On pourra reprocher au film d’en faire parfois un peu trop dans le côté religieux. Dès le départ, le destin de Ben-Hur croise celui du Christ et au final nous est assénée , pas toujours avec subtilité, une leçon de vie un brin téléphonée. Mais il faut admettre que cette leçon de vie demeure très belle, universelle, profondément humaniste. La grande réussite du film est de nous donner envie de croire que des hommes comme Ben-Hur existent, parvenant à pardonner le pire, à se raviser avant de se laisser contaminer par la haine. Ne pas se venger, accepter le mal que l’on nous fait et continuer d’avancer… Adaptation du roman Ben-Hur : A tale of the Christ, le long-métrage se présente bien comme un conte propice à toucher le plus grand nombre.
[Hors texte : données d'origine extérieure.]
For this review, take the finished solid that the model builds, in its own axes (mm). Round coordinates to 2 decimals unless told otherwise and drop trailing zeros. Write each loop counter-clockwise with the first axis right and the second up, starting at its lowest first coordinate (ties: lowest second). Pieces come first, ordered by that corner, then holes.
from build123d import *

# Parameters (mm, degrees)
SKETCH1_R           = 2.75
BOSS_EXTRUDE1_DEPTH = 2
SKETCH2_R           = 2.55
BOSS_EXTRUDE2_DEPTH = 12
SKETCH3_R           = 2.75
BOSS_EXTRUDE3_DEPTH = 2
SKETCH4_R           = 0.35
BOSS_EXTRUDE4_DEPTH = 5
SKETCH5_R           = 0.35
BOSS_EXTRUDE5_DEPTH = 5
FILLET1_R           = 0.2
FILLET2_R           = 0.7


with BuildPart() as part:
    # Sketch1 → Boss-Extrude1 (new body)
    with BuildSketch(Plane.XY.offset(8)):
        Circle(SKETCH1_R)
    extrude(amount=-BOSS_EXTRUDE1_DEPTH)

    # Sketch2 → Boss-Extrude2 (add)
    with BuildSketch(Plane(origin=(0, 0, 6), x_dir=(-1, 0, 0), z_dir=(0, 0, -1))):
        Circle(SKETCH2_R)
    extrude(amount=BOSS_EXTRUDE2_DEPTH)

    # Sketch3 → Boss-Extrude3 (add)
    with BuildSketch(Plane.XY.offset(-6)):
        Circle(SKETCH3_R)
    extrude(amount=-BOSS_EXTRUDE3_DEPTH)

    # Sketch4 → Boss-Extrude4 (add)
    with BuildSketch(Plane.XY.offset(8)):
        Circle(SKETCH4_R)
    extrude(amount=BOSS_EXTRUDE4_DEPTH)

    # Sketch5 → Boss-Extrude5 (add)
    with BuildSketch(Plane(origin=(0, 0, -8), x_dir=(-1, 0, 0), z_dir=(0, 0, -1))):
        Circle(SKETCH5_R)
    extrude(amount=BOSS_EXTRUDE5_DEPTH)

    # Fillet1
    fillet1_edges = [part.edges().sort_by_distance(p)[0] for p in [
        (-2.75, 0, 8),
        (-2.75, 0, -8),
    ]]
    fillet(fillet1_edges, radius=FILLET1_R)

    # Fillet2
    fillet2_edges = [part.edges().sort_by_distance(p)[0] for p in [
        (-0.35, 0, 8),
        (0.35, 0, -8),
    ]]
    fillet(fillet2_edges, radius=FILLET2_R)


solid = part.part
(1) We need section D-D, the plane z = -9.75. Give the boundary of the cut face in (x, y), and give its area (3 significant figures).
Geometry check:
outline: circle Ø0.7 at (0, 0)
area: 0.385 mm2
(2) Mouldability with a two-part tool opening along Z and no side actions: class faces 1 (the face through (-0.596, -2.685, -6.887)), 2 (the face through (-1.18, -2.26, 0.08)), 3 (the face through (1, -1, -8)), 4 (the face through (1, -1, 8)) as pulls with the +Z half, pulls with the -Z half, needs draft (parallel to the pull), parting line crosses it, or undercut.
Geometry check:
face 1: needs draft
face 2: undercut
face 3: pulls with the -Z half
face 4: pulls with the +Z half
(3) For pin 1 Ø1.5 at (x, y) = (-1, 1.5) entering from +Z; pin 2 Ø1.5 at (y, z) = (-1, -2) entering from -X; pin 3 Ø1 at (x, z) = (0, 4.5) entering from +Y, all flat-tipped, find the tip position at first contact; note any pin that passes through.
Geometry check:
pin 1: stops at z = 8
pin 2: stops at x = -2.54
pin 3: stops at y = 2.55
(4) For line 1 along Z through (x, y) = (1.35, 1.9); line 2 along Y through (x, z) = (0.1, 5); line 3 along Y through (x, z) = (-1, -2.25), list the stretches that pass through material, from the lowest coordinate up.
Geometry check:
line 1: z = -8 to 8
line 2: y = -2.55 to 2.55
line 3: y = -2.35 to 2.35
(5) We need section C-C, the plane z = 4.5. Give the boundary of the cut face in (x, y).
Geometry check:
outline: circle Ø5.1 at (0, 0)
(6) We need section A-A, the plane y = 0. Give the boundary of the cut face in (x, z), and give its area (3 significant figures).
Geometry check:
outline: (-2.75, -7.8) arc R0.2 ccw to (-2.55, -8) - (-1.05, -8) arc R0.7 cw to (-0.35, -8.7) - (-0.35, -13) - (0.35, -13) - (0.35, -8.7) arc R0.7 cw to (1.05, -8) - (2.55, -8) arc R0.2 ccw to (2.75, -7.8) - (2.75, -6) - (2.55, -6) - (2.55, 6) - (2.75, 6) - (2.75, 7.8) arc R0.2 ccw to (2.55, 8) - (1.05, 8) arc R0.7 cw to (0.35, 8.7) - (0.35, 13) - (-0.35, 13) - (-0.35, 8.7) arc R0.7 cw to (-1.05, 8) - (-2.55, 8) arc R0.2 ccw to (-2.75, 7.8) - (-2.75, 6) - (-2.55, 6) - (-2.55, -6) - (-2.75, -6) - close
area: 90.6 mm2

C’est une œuvre incroyablement dense, qui brasse beaucoup de sujets forts (la foi, l’émancipation d’un peuple opprimé, l’amour au-delà des apparences et des règles, la soif de pouvoir) avec une grande intensité. Alors que Ben-Hur croit en Dieu et en l’humain, Messala et les romains font de Jules César leur propre Dieu. Aussi bien film d’amour (la touchante love story entre Ben-Hur et Esther, les liens familiaux puissants qui unissent Ben-Hur, sa mère et sa sœur) que film d’aventure, le projet déborde de moments inoubliables. Les galériens qui se démènent pour satisfaire un caprice sadique d’Arrius, la bataille navale ou la course de chars : autant de moments à la mise en scène époustouflante et jouissive. C’est mine de rien aussi et surtout un film sur le dépassement de soi.
On appréciera aussi tout le côté crypto-gay qui traverse cette folle aventure (les retrouvailles de Ben-Hur et Messala font partie de ces grands moments ambigus dont certains péplum avaient le secret).
Délice des yeux de chaque instant, magnifiquement interprété, émouvant et divertissant : Ben-Hur a les qualités des plus grands chef d’oeuvre. Un film fou d’ambition et d’humanisme.